Further down are entries; set down exactly and only the lines from the one with "ans = bet + near" up to and including the one with "Please identify and", dropping each picture.

*** MATERIAL FOR THIS TASK

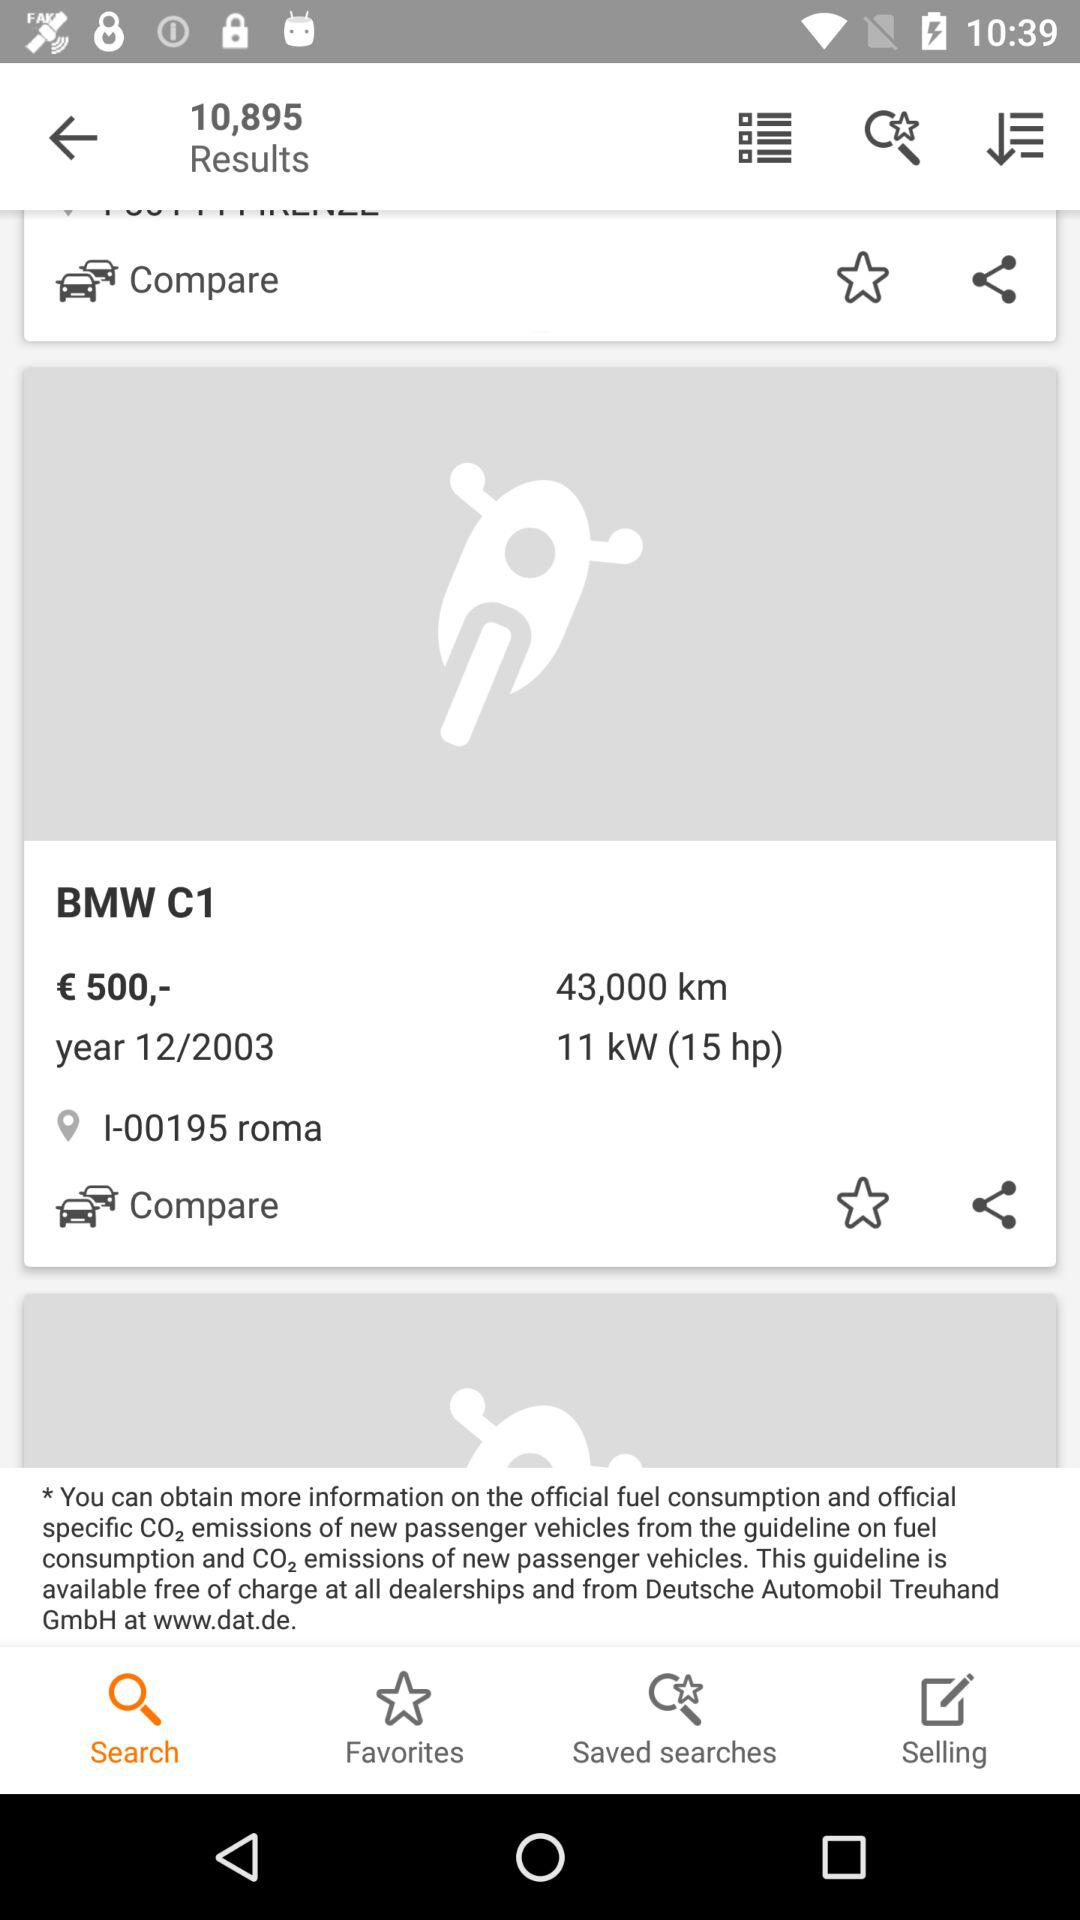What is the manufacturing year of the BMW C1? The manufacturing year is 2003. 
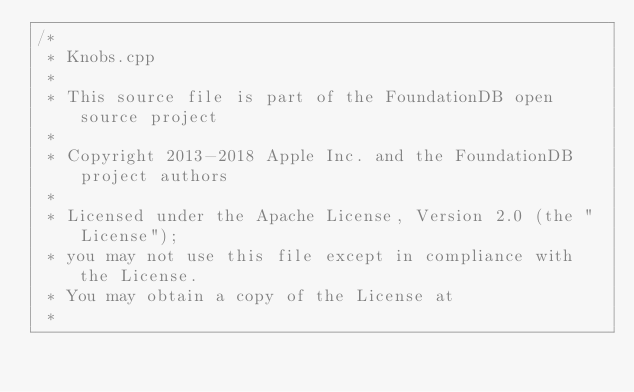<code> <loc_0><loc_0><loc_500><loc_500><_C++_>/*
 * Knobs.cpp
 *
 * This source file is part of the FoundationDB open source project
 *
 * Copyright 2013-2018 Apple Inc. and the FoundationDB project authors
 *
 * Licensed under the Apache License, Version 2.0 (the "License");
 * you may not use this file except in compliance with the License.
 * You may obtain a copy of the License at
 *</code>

******
*** MATERIAL FOR THIS TASK

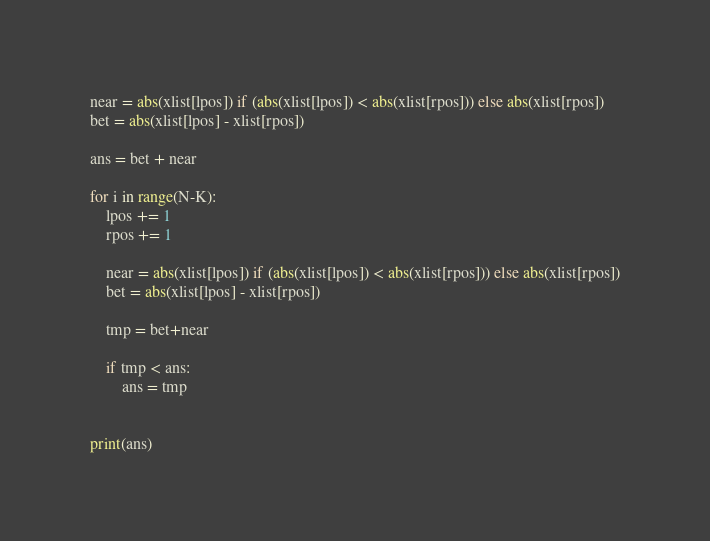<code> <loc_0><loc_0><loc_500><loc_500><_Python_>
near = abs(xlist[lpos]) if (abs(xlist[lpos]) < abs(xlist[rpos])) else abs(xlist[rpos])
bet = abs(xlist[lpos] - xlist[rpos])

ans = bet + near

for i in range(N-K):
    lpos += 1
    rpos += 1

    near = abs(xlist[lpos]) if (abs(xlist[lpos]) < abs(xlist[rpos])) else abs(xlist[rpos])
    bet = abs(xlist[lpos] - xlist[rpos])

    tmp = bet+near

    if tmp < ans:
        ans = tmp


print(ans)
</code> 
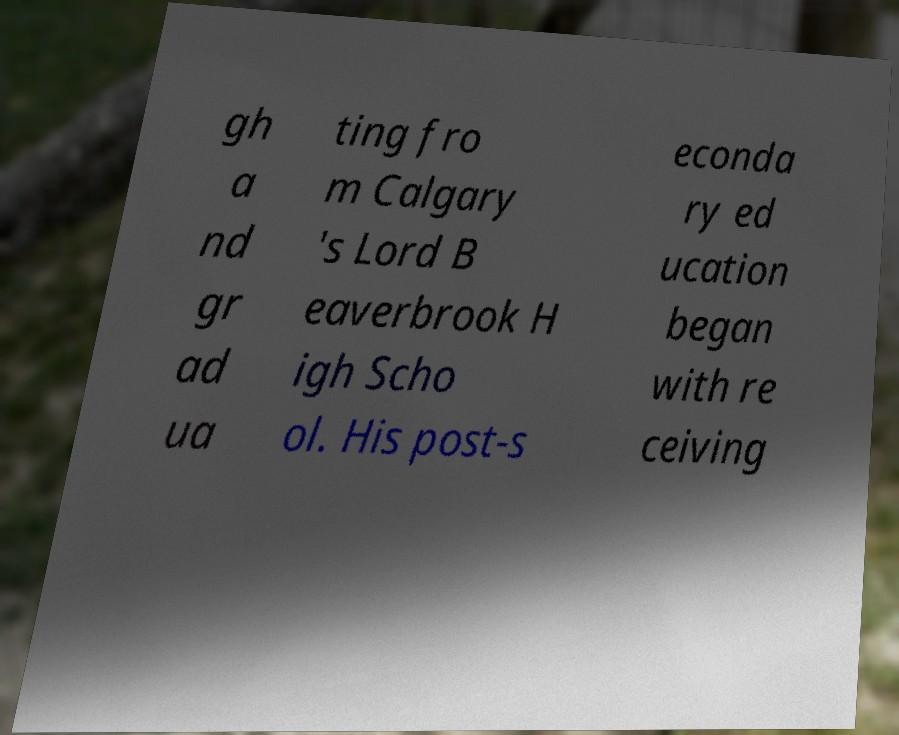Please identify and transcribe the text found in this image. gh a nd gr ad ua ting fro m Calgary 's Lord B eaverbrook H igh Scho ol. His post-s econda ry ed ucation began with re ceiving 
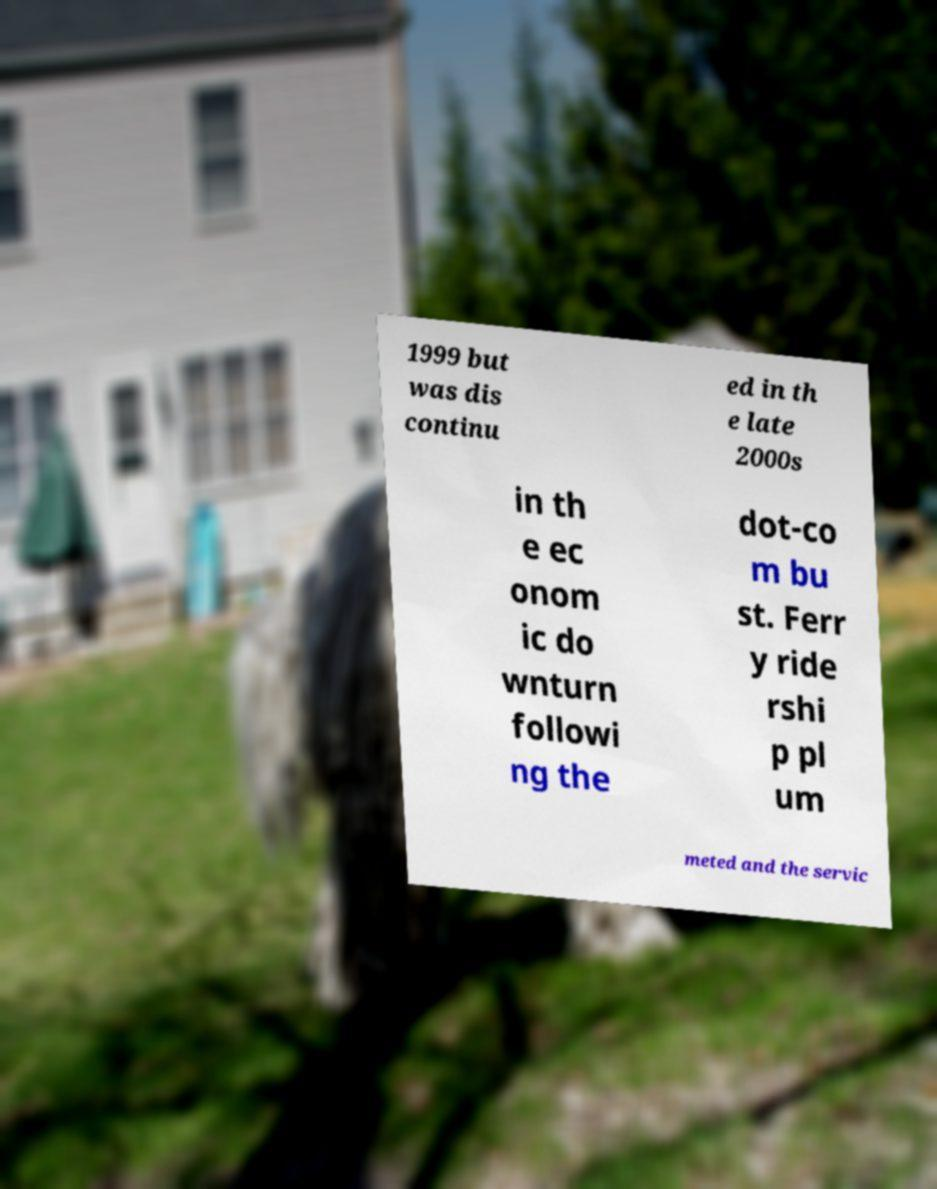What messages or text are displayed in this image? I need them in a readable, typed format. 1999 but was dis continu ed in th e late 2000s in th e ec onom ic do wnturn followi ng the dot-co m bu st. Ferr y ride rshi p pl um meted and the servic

******

- **EXERCISE RESPONSE**:
ans = bet + near

for i in range(N-K):
    lpos += 1
    rpos += 1

    near = abs(xlist[lpos]) if (abs(xlist[lpos]) < abs(xlist[rpos])) else abs(xlist[rpos])
    bet = abs(xlist[lpos] - xlist[rpos])

    tmp = bet+near

    if tmp < ans:
        ans = tmp


print(ans)
</code> 
Please identify and transcribe the text found in this image. gh a nd gr ad ua ting fro m Calgary 's Lord B eaverbrook H igh Scho ol. His post-s econda ry ed ucation began with re ceiving 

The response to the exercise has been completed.